Print the lines from the one containing "2. necktie from (202, 213) to (224, 326)" through the end of the listing below, exactly as written. Any pictures stay out.

*** Working data ***

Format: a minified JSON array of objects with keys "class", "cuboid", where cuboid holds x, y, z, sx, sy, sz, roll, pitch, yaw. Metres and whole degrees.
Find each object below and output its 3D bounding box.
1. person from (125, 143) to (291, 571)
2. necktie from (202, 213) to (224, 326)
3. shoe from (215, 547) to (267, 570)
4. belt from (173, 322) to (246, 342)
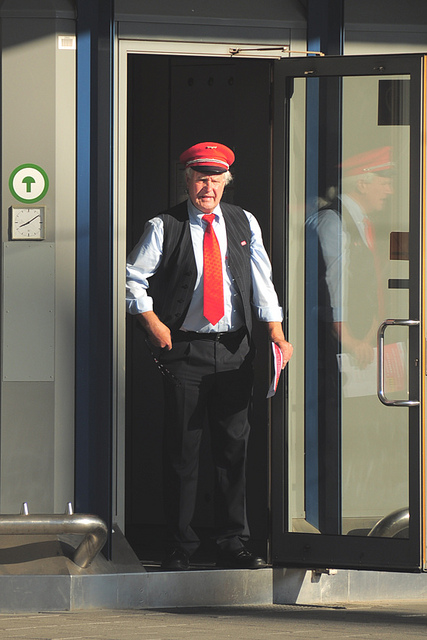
[{"class":"person","cuboid":[-0.042,0.136,4.931,0.650,1.737,0.702,1,1,-5]},{"class":"necktie","cuboid":[-0.004,-0.192,4.788,0.081,0.397,0.137,1,1,-7]},{"class":"shoe","cuboid":[0.105,0.951,4.729,0.203,0.099,0.080,-7,-13,27]},{"class":"belt","cuboid":[-0.015,0.051,4.784,0.284,0.070,0.061,1,1,-11]}]

***

Written solution –
2. necktie from (202, 213) to (224, 326)
3. shoe from (215, 547) to (267, 570)
4. belt from (173, 322) to (246, 342)
[{"class":"person","cuboid":[-0.042,0.136,4.931,0.650,1.737,0.702,1,1,-5]},{"class":"necktie","cuboid":[-0.004,-0.192,4.788,0.081,0.397,0.137,1,1,-7]},{"class":"shoe","cuboid":[0.105,0.951,4.729,0.203,0.099,0.080,-7,-13,27]},{"class":"belt","cuboid":[-0.015,0.051,4.784,0.284,0.070,0.061,1,1,-11]}]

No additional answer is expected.